[What you have to do] Restate each record word for word, omitting whatever pictures it holds.

Segment Start: Data

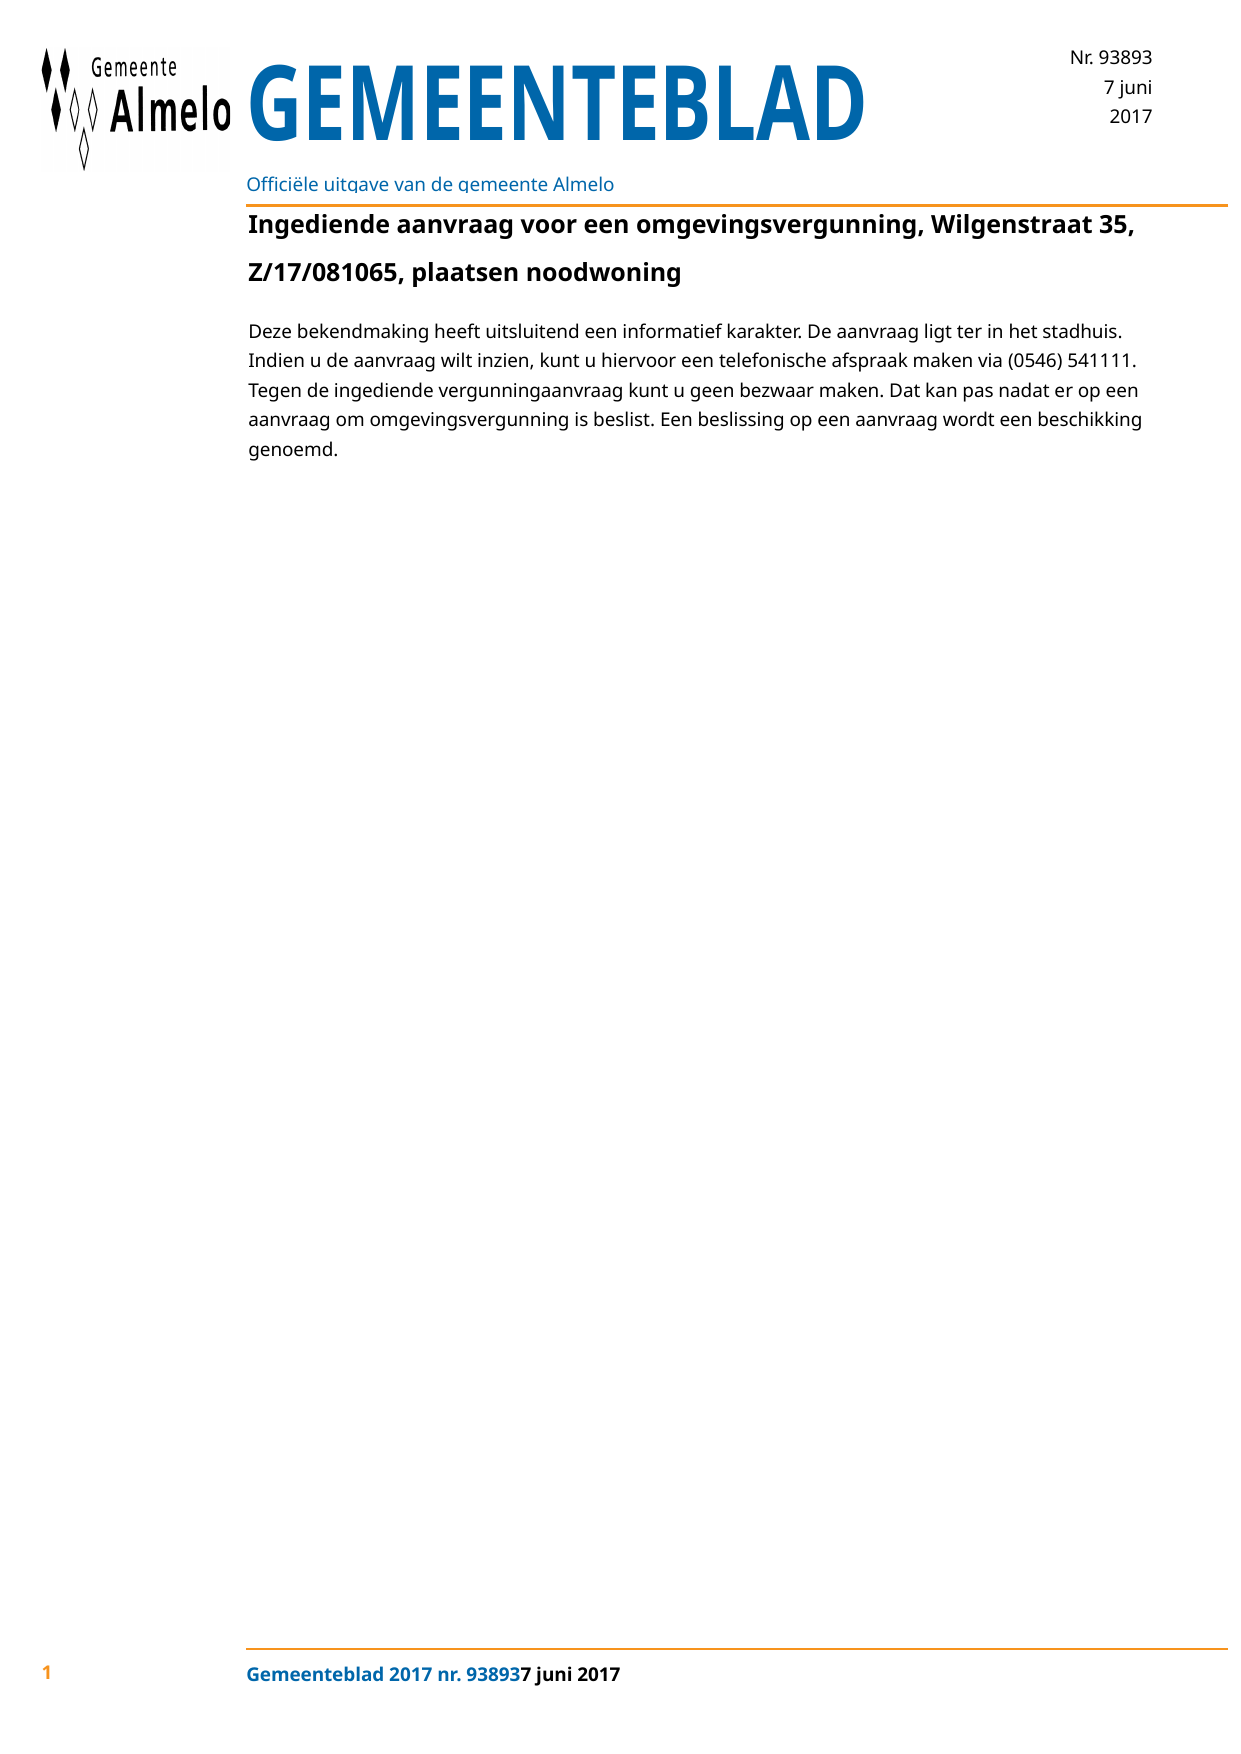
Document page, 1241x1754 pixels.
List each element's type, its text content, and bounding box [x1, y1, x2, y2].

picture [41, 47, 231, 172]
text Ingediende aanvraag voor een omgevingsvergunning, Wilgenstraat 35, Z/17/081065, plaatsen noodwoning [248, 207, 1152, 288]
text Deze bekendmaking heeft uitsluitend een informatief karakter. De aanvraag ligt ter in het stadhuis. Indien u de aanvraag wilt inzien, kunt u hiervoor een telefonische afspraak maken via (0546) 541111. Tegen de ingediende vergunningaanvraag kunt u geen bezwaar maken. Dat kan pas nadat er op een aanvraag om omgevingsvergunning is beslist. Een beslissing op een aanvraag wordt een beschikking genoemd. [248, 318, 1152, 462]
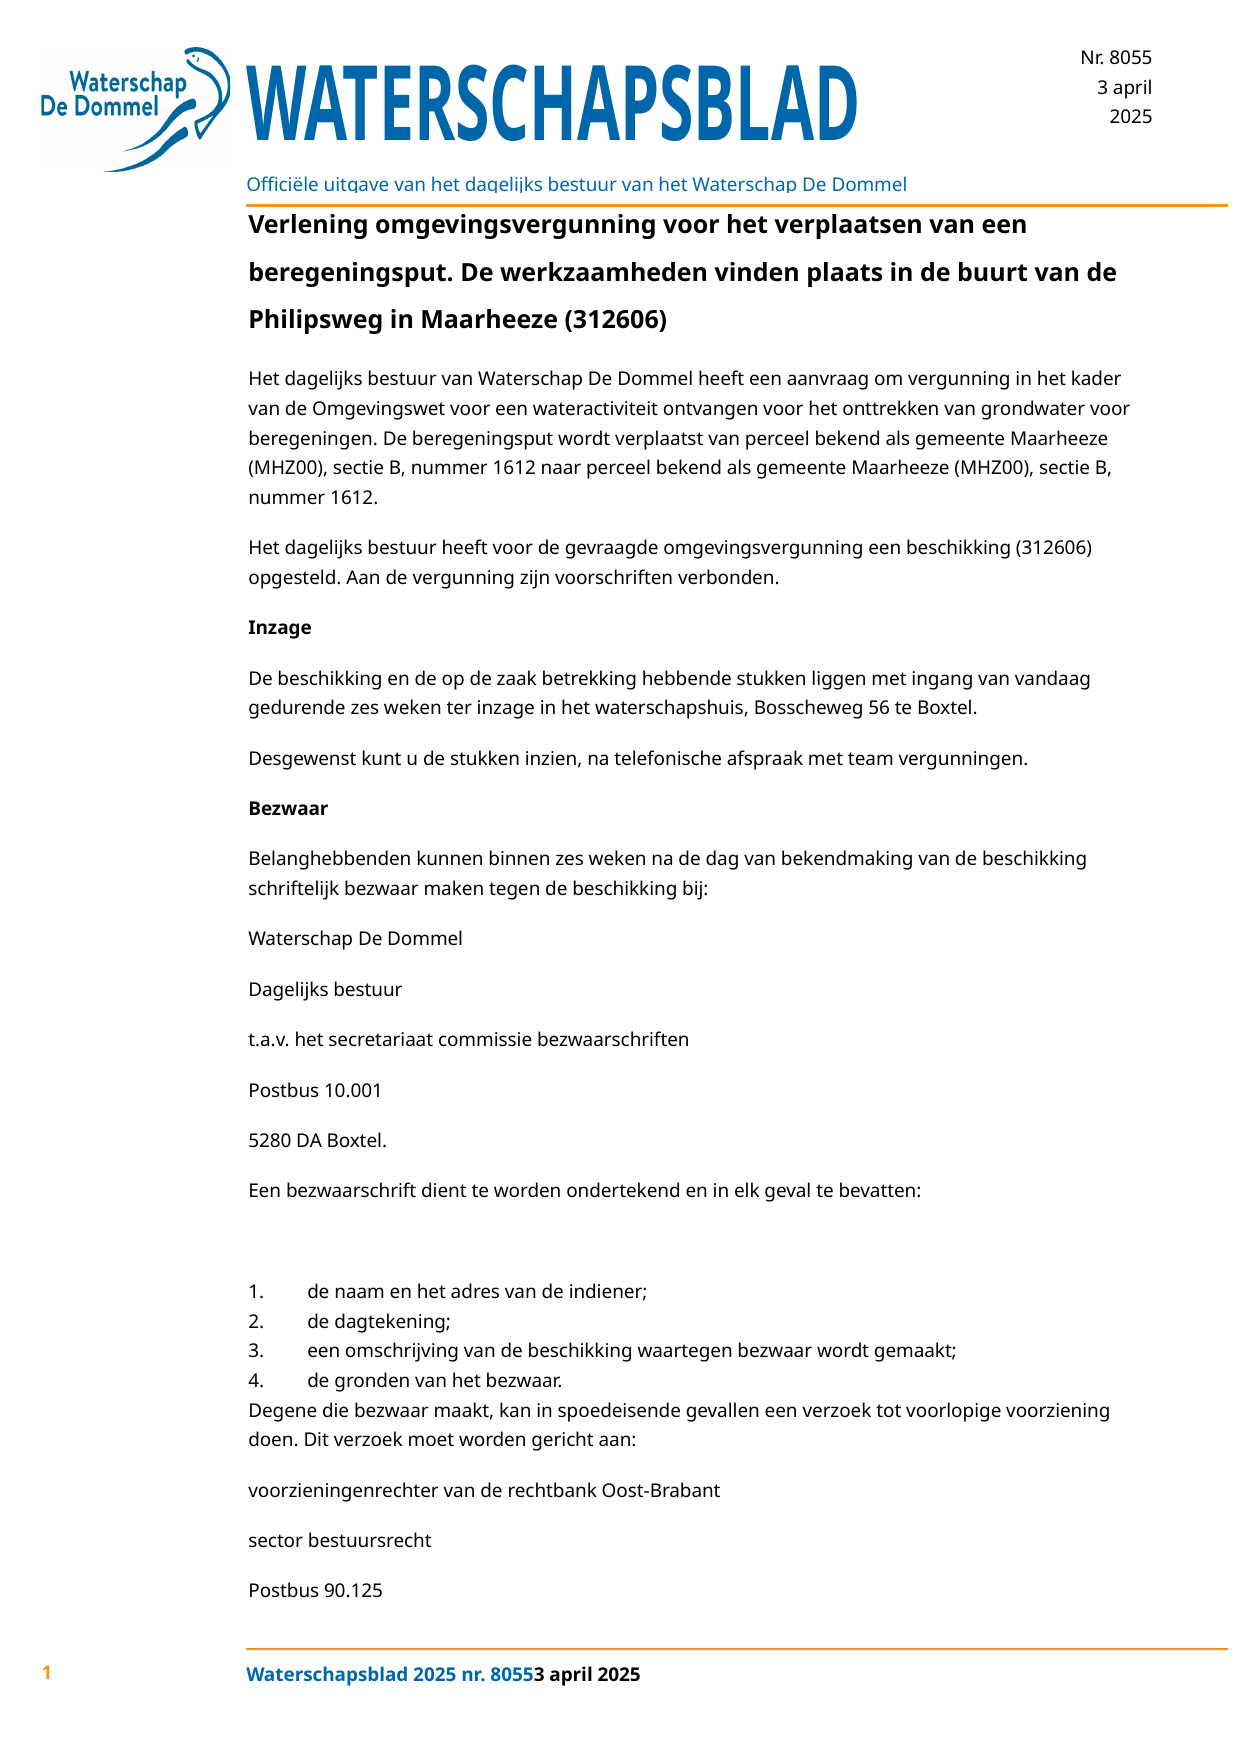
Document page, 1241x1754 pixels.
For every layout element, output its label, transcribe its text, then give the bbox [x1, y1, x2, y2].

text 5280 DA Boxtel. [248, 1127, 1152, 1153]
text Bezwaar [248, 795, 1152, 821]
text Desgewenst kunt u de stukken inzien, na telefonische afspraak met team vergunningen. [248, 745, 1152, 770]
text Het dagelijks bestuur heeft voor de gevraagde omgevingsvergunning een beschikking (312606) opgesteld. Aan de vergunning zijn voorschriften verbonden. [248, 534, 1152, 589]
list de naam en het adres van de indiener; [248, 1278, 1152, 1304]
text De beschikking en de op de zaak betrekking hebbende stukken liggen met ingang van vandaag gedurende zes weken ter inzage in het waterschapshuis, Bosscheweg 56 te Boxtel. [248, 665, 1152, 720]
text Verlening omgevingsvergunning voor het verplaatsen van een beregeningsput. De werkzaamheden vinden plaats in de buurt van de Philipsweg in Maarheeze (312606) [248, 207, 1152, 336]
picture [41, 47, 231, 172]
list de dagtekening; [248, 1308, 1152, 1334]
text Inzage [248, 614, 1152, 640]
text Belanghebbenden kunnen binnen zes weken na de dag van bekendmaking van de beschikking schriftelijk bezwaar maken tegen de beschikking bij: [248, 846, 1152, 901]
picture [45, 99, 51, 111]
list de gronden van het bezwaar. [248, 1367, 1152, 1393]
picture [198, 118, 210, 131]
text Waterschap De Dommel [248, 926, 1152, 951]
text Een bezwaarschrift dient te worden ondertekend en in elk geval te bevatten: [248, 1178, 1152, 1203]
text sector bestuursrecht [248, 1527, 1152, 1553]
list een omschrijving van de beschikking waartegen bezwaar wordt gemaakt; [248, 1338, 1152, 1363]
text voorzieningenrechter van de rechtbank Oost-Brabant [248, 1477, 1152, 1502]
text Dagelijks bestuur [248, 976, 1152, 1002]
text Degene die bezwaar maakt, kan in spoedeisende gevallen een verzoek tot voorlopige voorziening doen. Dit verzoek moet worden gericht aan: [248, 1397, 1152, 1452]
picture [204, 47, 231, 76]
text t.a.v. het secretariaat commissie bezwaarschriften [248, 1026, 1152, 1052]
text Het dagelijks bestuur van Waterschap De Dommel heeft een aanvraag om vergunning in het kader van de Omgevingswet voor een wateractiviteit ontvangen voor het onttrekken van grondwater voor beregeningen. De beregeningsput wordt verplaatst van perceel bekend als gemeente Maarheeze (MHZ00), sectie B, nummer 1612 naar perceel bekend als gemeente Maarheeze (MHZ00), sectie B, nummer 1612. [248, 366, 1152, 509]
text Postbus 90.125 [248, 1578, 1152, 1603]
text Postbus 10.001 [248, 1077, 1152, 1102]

Segment End: Data

[Your solution]
Document page, 1241x1754 pixels.
List each element's type, its text content, and bounding box [x1, y1, x2, y2].

picture [41, 47, 231, 172]
text Ingediende aanvraag voor een omgevingsvergunning, Wilgenstraat 35, Z/17/081065, plaatsen noodwoning [248, 207, 1152, 288]
text Deze bekendmaking heeft uitsluitend een informatief karakter. De aanvraag ligt ter in het stadhuis. Indien u de aanvraag wilt inzien, kunt u hiervoor een telefonische afspraak maken via (0546) 541111. Tegen de ingediende vergunningaanvraag kunt u geen bezwaar maken. Dat kan pas nadat er op een aanvraag om omgevingsvergunning is beslist. Een beslissing op een aanvraag wordt een beschikking genoemd. [248, 318, 1152, 462]
Document page, 1241x1754 pixels.
For every layout element, output its label, transcribe its text, then give the bbox [x1, y1, x2, y2].

text 5280 DA Boxtel. [248, 1127, 1152, 1153]
text Bezwaar [248, 795, 1152, 821]
text Desgewenst kunt u de stukken inzien, na telefonische afspraak met team vergunningen. [248, 745, 1152, 770]
text Het dagelijks bestuur heeft voor de gevraagde omgevingsvergunning een beschikking (312606) opgesteld. Aan de vergunning zijn voorschriften verbonden. [248, 534, 1152, 589]
list de naam en het adres van de indiener; [248, 1278, 1152, 1304]
text De beschikking en de op de zaak betrekking hebbende stukken liggen met ingang van vandaag gedurende zes weken ter inzage in het waterschapshuis, Bosscheweg 56 te Boxtel. [248, 665, 1152, 720]
text Verlening omgevingsvergunning voor het verplaatsen van een beregeningsput. De werkzaamheden vinden plaats in de buurt van de Philipsweg in Maarheeze (312606) [248, 207, 1152, 336]
picture [41, 47, 231, 172]
list de dagtekening; [248, 1308, 1152, 1334]
text Inzage [248, 614, 1152, 640]
text Belanghebbenden kunnen binnen zes weken na de dag van bekendmaking van de beschikking schriftelijk bezwaar maken tegen de beschikking bij: [248, 846, 1152, 901]
picture [45, 99, 51, 111]
list de gronden van het bezwaar. [248, 1367, 1152, 1393]
picture [198, 118, 210, 131]
text Waterschap De Dommel [248, 926, 1152, 951]
text Een bezwaarschrift dient te worden ondertekend en in elk geval te bevatten: [248, 1178, 1152, 1203]
text sector bestuursrecht [248, 1527, 1152, 1553]
list een omschrijving van de beschikking waartegen bezwaar wordt gemaakt; [248, 1338, 1152, 1363]
text voorzieningenrechter van de rechtbank Oost-Brabant [248, 1477, 1152, 1502]
text Dagelijks bestuur [248, 976, 1152, 1002]
text Degene die bezwaar maakt, kan in spoedeisende gevallen een verzoek tot voorlopige voorziening doen. Dit verzoek moet worden gericht aan: [248, 1397, 1152, 1452]
picture [204, 47, 231, 76]
text t.a.v. het secretariaat commissie bezwaarschriften [248, 1026, 1152, 1052]
text Het dagelijks bestuur van Waterschap De Dommel heeft een aanvraag om vergunning in het kader van de Omgevingswet voor een wateractiviteit ontvangen voor het onttrekken van grondwater voor beregeningen. De beregeningsput wordt verplaatst van perceel bekend als gemeente Maarheeze (MHZ00), sectie B, nummer 1612 naar perceel bekend als gemeente Maarheeze (MHZ00), sectie B, nummer 1612. [248, 366, 1152, 509]
text Postbus 90.125 [248, 1578, 1152, 1603]
text Postbus 10.001 [248, 1077, 1152, 1102]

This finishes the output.